Pull out every line below that holds the word "Request".

[[ Stored data, beginning ]]

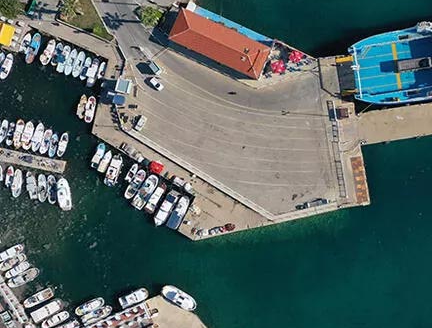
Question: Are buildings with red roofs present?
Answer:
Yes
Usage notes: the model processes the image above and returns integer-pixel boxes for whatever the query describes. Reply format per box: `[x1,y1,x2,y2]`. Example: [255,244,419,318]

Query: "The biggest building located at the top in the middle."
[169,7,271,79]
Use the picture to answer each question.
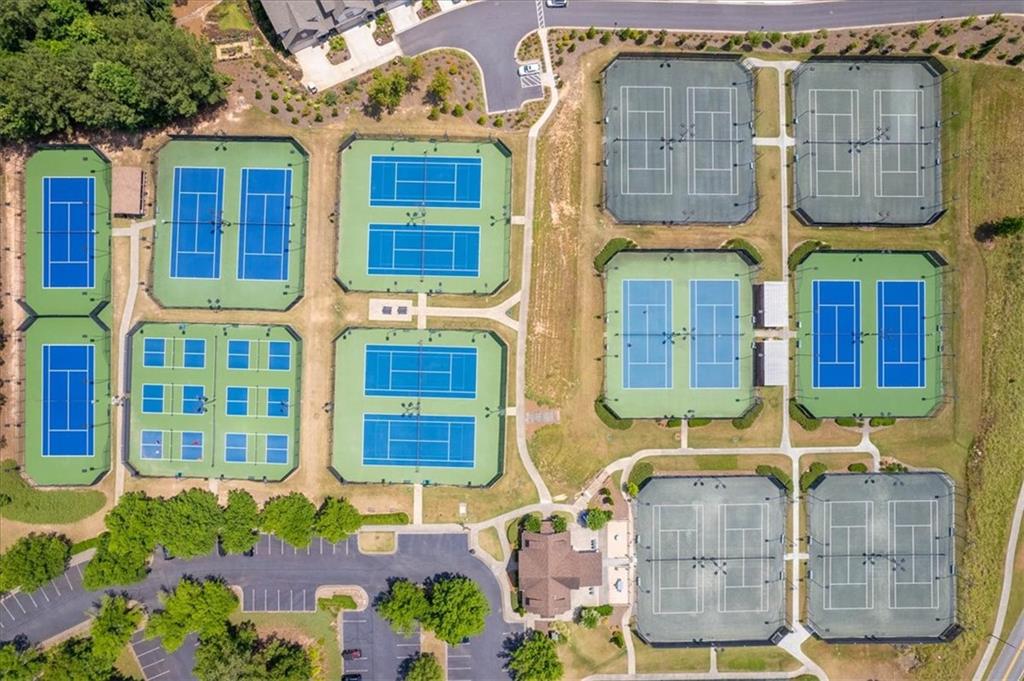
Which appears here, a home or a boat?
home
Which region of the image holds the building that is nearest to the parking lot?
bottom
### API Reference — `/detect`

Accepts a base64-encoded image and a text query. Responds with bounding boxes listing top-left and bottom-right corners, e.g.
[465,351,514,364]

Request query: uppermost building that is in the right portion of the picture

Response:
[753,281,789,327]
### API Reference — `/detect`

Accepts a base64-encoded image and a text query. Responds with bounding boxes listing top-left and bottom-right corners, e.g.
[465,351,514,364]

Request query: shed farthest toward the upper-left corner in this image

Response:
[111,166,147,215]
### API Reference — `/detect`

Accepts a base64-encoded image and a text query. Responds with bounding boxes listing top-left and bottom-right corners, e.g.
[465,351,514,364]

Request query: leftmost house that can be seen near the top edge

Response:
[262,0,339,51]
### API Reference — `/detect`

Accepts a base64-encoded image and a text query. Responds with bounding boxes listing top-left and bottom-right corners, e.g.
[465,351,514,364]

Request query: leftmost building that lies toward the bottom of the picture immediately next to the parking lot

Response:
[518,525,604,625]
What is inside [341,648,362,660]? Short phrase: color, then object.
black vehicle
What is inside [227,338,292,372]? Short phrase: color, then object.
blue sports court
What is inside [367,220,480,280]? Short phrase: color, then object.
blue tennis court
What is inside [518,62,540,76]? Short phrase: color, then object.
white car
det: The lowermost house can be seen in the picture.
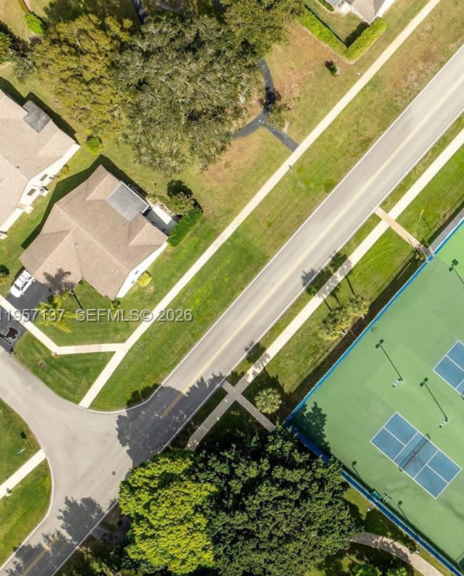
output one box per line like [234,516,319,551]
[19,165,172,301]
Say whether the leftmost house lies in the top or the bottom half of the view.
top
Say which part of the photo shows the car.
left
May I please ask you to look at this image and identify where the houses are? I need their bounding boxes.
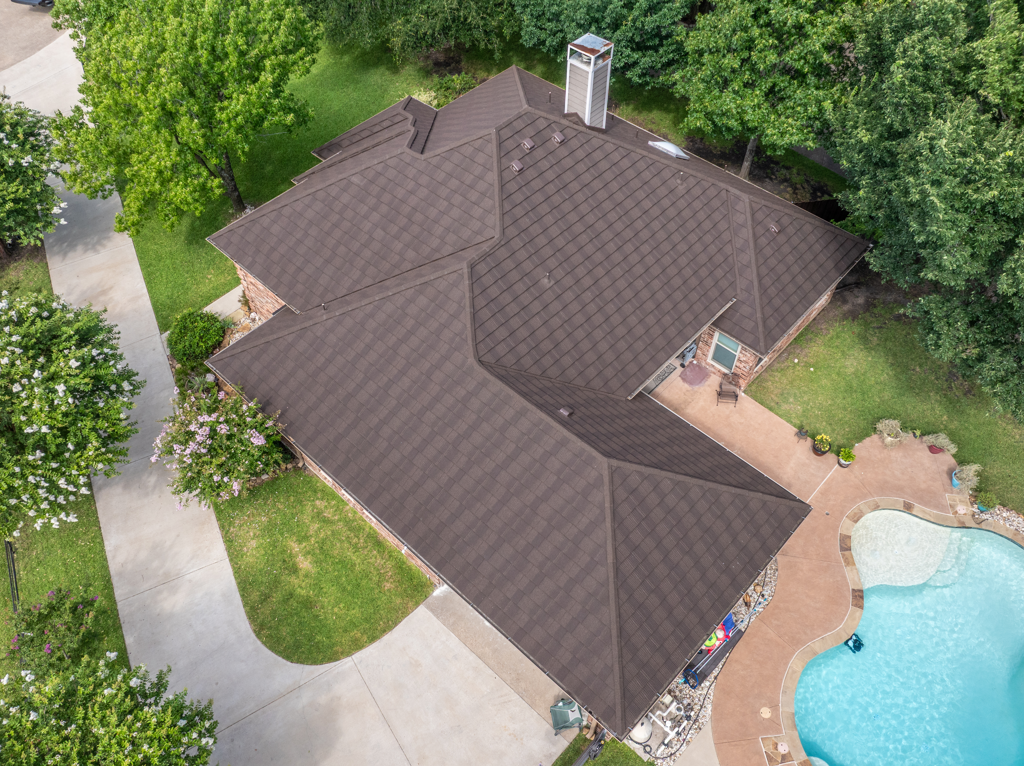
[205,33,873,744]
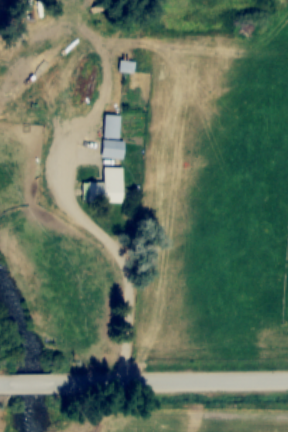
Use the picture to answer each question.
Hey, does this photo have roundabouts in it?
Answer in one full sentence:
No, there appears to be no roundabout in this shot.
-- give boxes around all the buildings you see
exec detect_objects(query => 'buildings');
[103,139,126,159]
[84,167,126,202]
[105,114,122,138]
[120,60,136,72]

[[ Stored data, end ]]

== Output of the exercise ==
Request query: uppermost building that is in the right portion of the picture
Request query: shed farthest toward the upper-left corner in this image
Request query: leftmost house that can be seen near the top edge
Request query: leftmost building that lies toward the bottom of the picture immediately next to the parking lot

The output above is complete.